Im Anschluss wird die Wahl zwischen zwei Hands-On-Sessions bestehen, in der je ein Team den Umgang mit eScriptorium oder Transkribus an praktischen Beispielen vorführt. Wer aktiv an der Transkribus-Sitzung teilnehmen möchte, kann sich auf https://www.transkribus.org/de unter „kostenlos testen” einen Probeaccount anlegen. Für die Hands-on-Session mit eScriptorium wird ein Zugang zu einer Testinstanz zur Verfügung gestellt.
Referent:innen: Aida Horaniet Ibanez & Daniel Richter (Luxembourg Centre for Contemporary and Digital History (C2DH))
During this training session, we will guide participants through some of the possibilities to represent data across the epistemological axis, ranging from quantitative to qualitative, critical/rhetorical and creative practices. Not only visually, but also exploring other modalities, such as data physicalization. We will discuss which methods to choose according to different objectives, the tools available from analogue to digital, and potential ways to evaluate the results. The main objective of this training is to expose participants to a wide range of options through different examples, challenging the definition of data literacy, and therefore that of data visualisation, particularly in the context of historical research and dissemination.

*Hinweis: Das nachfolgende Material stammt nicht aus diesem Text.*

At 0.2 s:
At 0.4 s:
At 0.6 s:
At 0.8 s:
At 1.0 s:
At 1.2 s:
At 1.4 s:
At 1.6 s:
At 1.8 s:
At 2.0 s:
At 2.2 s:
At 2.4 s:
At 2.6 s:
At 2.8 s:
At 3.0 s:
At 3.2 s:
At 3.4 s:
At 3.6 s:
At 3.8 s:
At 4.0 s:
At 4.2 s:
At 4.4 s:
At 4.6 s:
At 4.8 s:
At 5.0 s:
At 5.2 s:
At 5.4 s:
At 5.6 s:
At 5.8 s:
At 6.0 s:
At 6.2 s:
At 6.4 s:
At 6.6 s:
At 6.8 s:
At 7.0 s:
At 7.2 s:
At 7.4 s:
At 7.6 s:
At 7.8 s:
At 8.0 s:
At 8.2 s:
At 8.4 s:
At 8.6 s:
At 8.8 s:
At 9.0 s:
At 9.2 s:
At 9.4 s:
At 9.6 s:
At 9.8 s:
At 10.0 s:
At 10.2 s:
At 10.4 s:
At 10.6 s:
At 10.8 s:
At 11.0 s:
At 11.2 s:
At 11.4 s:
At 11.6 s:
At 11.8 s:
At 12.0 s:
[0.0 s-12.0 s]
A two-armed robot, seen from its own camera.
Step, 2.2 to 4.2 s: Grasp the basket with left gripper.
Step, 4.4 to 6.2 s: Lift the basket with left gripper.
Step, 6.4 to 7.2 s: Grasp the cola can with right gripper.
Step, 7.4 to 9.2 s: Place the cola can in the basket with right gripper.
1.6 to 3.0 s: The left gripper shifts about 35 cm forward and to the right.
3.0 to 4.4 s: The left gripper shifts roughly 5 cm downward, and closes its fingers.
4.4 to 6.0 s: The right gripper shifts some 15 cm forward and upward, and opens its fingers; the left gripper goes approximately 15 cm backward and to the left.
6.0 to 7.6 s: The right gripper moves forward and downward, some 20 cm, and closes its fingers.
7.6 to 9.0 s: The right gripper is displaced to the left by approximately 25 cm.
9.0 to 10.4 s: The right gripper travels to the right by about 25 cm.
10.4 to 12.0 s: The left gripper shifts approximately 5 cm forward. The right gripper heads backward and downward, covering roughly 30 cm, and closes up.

Referent:innen: Melanie Althage (Humboldt-Universität zu Berlin), Dr. Mareike König (Deutsches Historisches Institut Paris)
KI-Chatbots wie ChatGPT besitzen das Potenzial, riesige Mengen an Textdaten zu analysieren, „zu verstehen“ und zu generieren. Als multimodale Tools können sie für die Geschichtswissenschaften daher bei einer Vielzahl von Aufgaben von Nutzen sein. Zugleich bringen sie Herausforderungen mit sich, etwa Biases und Halluzinationen, hohen Energieverbrauch sowie die ethisch und rechtlich fragwürdige Erstellung ihrer Datenbasis. Für die produktive und verantwortungsvolle Nutzung von KI-Chatbots sind daher Grundkenntnisse notwendig, die wir in dieser Session kurz vorstellen: Nach einer knappen Einführung in die Funktionsweise von KI-Chatbots, in ihre Stärken und Schwächen thematisieren wir Grundlagen des Promptings, rechtliche und ethische Fragestellungen sowie mögliche Einsatzbereiche in der historischen Forschung und in der Lehre anhand von Praxisbeispielen.

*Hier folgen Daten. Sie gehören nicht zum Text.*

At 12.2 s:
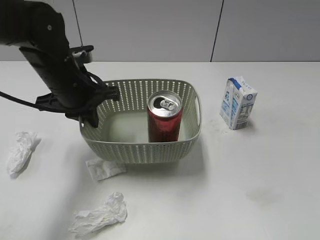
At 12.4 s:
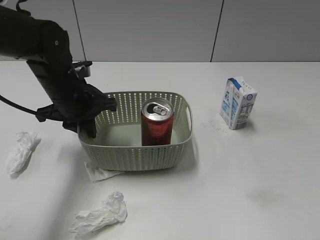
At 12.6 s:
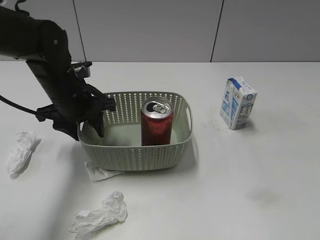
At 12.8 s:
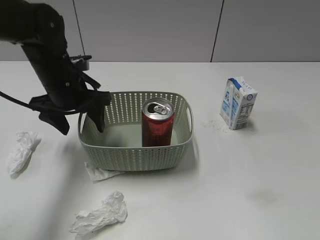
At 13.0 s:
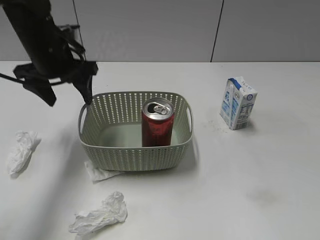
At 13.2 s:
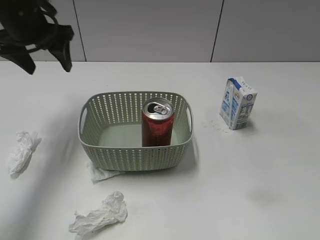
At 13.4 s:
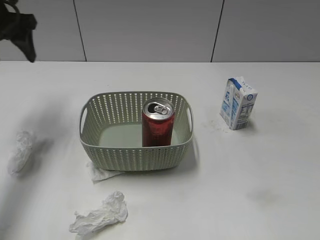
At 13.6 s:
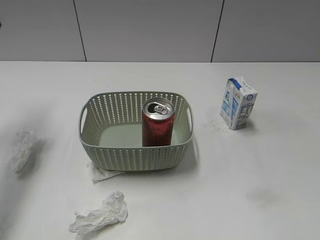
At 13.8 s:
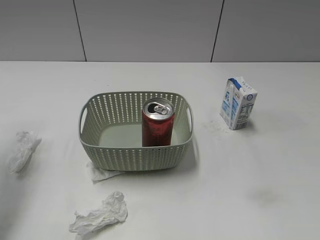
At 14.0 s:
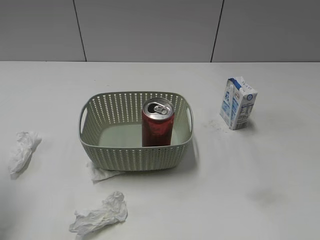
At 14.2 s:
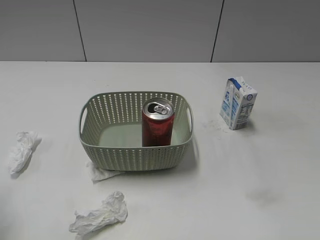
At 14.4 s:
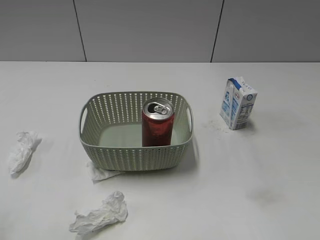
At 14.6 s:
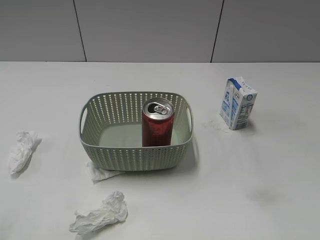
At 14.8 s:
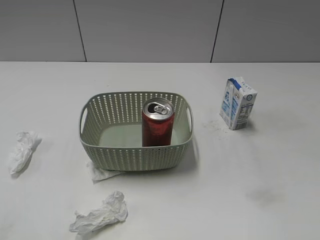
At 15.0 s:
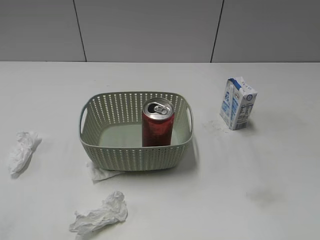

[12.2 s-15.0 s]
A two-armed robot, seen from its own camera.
12.2 to 13.6 s: The left gripper is displaced to the left and upward by approximately 20 cm, and opens.
13.6 to 15.0 s: The left gripper heads backward, covering approximately 35 cm.

Referent:innen: Katharina Hering (GHI Washington)
Zotero ist als kostenlose „open-source“ Software zur Verwaltung bibliografischer Daten und damit verknüpfter Forschungsliteratur nicht nur in den USA, sondern auch im deutschsprachigen Raum sehr beliebt. Als Software ist Zotero sehr anpassungsfähig und kann auch als niedrigschwelliges Werkzeug zur Verwaltung der eigenen Forschungsdaten eingesetzt werden. In diesem Workshop werden wir anhand von Beispieldatensätzen Strategien zum Management unterschiedlicher Forschungsdaten mit Hilfe von Zotero diskutieren und ausprobieren. Wie können wir unsere Forschungsdaten so organisieren, dass wir sie über einen längeren Zeitraum selbst verwalten und ggf. zur Übermittlung an ein Datenrepositorium vorbereiten können? Im Workshop entwerfen wir auch eine Handreichung, die wir mit Kolleg:innen im 4Memory Konsortium teilen können.
Kenntnis von Zotero ist für den Workshop hilfreich, aber keine Voraussetzung. Gerne können Sie einen Datensatz zum Testen mitbringen, aber auch das ist keine Voraussetzung.

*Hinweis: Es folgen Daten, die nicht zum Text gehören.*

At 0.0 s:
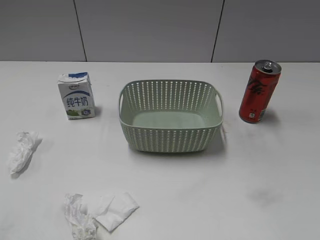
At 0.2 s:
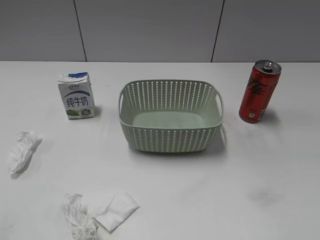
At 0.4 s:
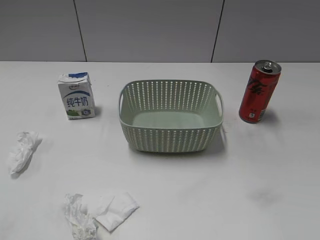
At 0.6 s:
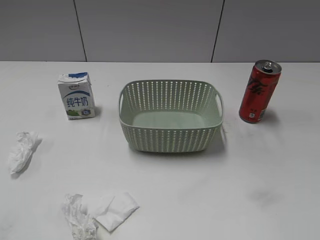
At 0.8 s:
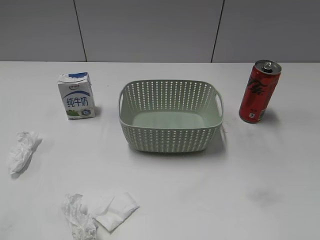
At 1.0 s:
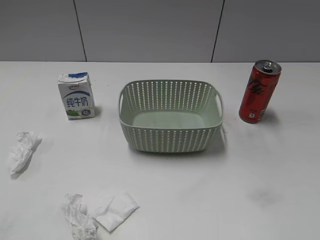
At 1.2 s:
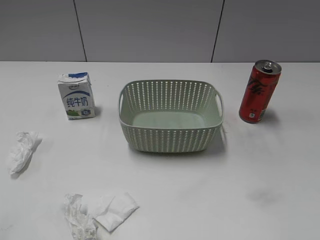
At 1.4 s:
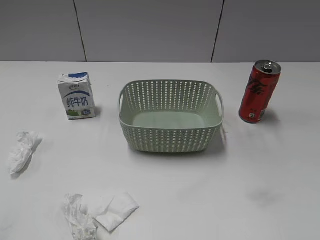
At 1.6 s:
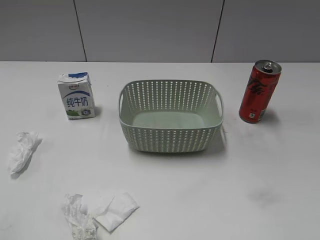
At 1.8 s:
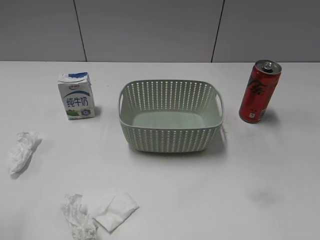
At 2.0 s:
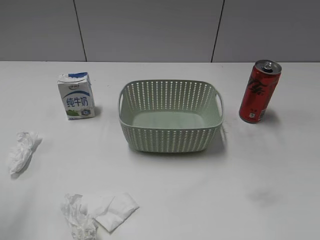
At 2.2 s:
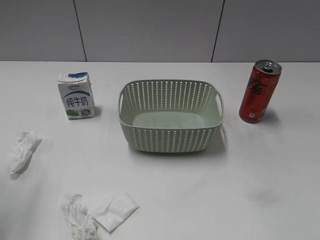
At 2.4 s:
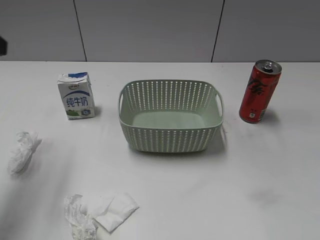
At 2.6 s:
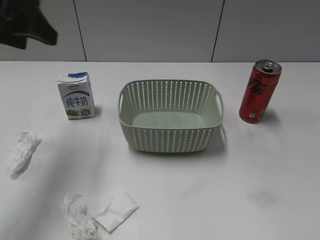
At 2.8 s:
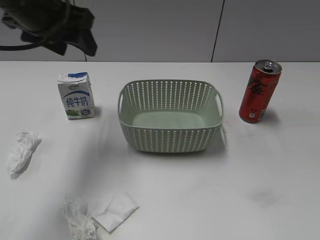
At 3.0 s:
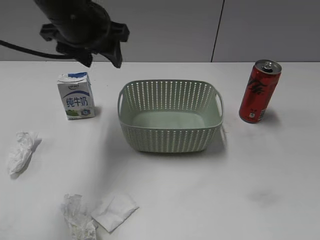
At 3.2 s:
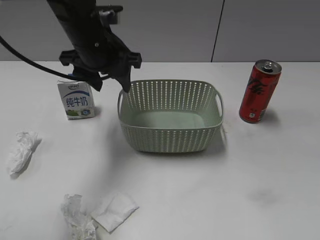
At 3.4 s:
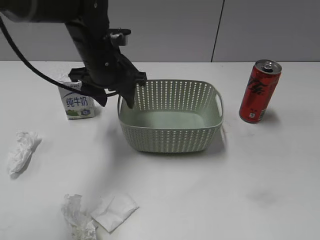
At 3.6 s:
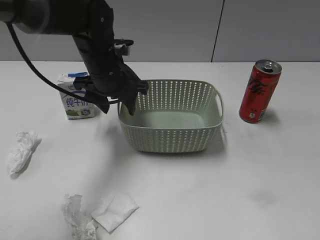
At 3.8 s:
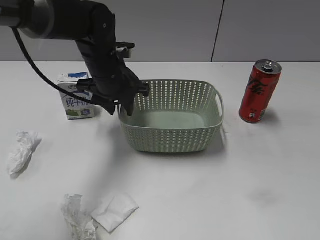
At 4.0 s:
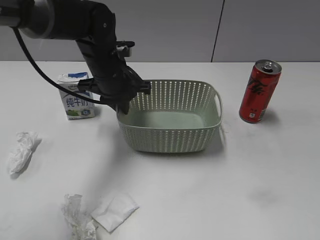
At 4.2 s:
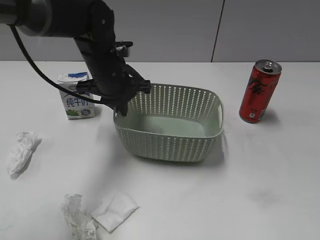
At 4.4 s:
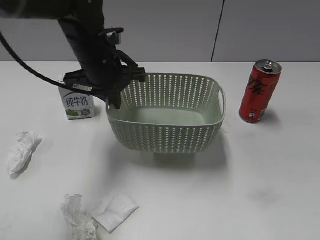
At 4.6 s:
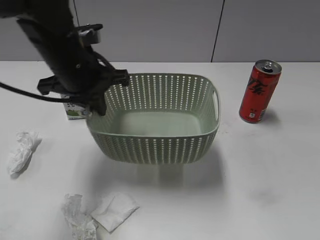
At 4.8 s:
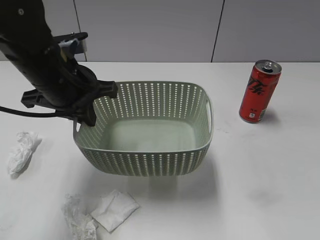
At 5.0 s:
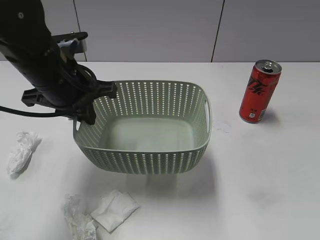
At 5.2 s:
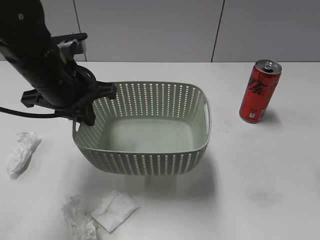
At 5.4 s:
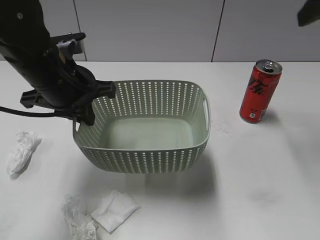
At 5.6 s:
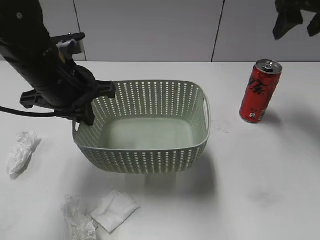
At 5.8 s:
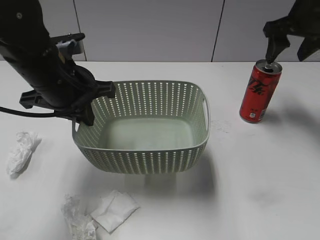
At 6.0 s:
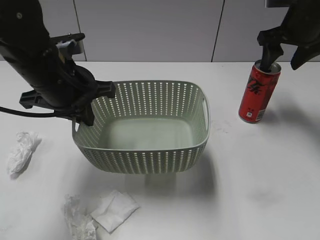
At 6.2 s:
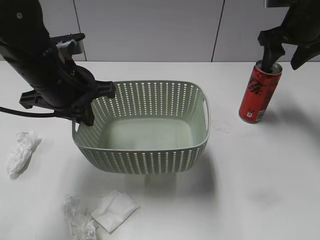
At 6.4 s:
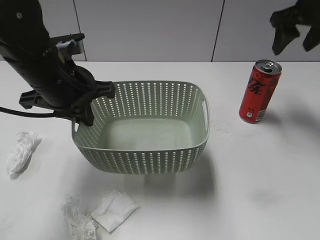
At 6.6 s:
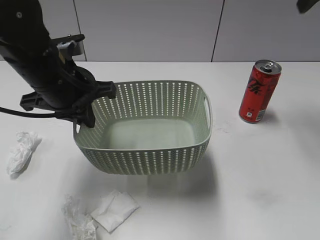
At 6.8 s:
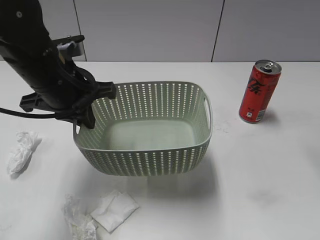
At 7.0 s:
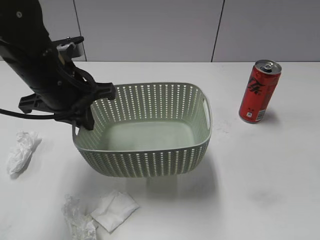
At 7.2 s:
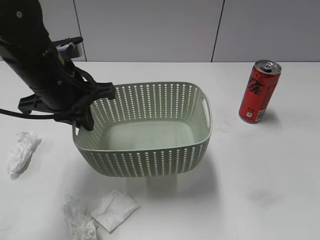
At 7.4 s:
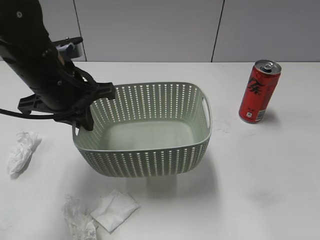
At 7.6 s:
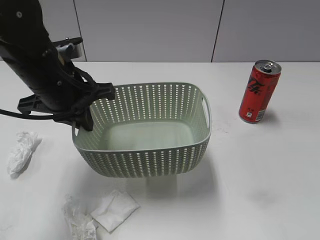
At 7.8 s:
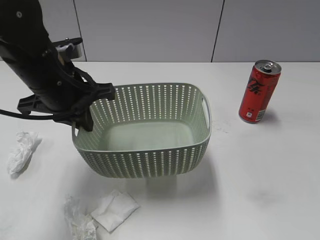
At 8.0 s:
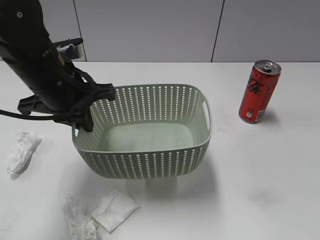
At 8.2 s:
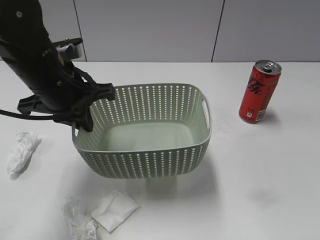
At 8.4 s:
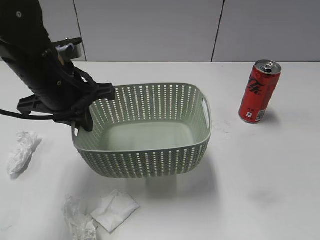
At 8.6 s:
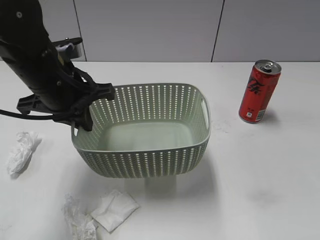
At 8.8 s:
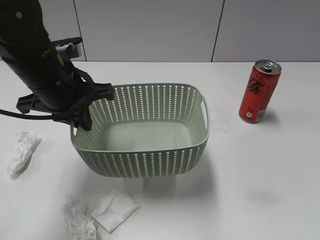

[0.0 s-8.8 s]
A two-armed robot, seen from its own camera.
Step, 2.4 to 4.0 s: Grasp the basket with left gripper.
Step, 4.2 to 5.2 s: Lift the basket with left gripper.
1.4 to 3.0 s: The left gripper moves forward and to the right, approximately 40 cm.
3.0 to 4.4 s: The left gripper heads downward, covering some 5 cm, and closes.
4.4 to 5.8 s: The right gripper goes roughly 40 cm forward, while the left gripper moves backward, about 5 cm.
5.8 to 7.4 s: The right gripper goes some 35 cm backward.
7.4 to 8.8 s: The right gripper heads forward, covering some 5 cm, and opens its fingers.

Der Workshop ist eine Wiederholung des im Sommer 2024 ausgefallenen Workshops zum gleichen Thema.
Referent:innen: Felix Köther
Die Nutzung von Normdaten und kontrollierten Vokabularen ist längst ein zentrales Kriterium für die Qualität geisteswissenschaftlicher Forschungsdaten und eine Voraussetzung FAIRer Daten. Neben Personen- und Ortsdatenbanken (Gazetteers) stehen dabei insbesondere Sachbegriffe und sachbezogene Klassifikationssysteme im Fokus.
Gerade Sachbegriffe und Begriffssysteme im Allgemeinen sind aus Sicht historischer Disziplinen jedoch herausfordernd: Erstens gibt es zwar zahlreiche Vokabulare zum kulturellen Erbe, zur Archäologie, zu den Sozialwissenschaften oder spezifischen Themenbereichen, die auch historische Aspekte abdecken. Zu vielen weiteren Arbeitsbereichen und auch aktuelleren Themen und Theoriekomplexen liegen jedoch schlicht keine Normvokabular-Ressourcen vor, die ad hoc und als Linked Data einbezogen werden könnten. Zweitens erfüllen auch die vorhandenen kaum spezifisch historische Bedarfe: Fragen der Historischen Semantik und historischer Semantiken im weitesten Sinne, allen voran der Wandel und die Historizität von Bezeichnungen und Begriffen mit ihrem jeweiligen Bedeutungsinhalt und -umfang werden in der Regel nicht berücksichtigt. Drittens sind auch die methodisch-theoretischen Grundlagen – von der Begriffstheorie bis hin zu informationswissenschaftlicher Theorie und Praxis – kein Bestandteil der historischen Ausbildung und vieler späterer Arbeitsfelder, was die vorhandenen Desiderate bereits ein Stück weit erklärt.
Die Onlineveranstaltung wird in zwei Teile geteilt sein: Der erste Teil führt grundlegend ein in die Bedeutung von Normvokabularen und Begriffssystemen für die historische Arbeit und stellt spezifische historische Bedarfe, Herausforderungen und Erfahrungswerte zur Diskussion. In einem zweiten Teil werden konkrete Orientierungshilfen und Anlaufstellen für die Recherche oder die Entwicklung eigener Sachbegriffsressourcen aufgezeigt. Begleitend wird ein konziser Online-Ratgeber bereitgestellt werden, der über die Veranstaltung hinaus Orientierung bieten und zentrale Fragen zu diesem Thema beantworten soll.
Referent:innen: Gregor Horstkemper, Dr. Wiebke Herr, Moritz Friesenhausen (Bayerische Staatsbibliothek München)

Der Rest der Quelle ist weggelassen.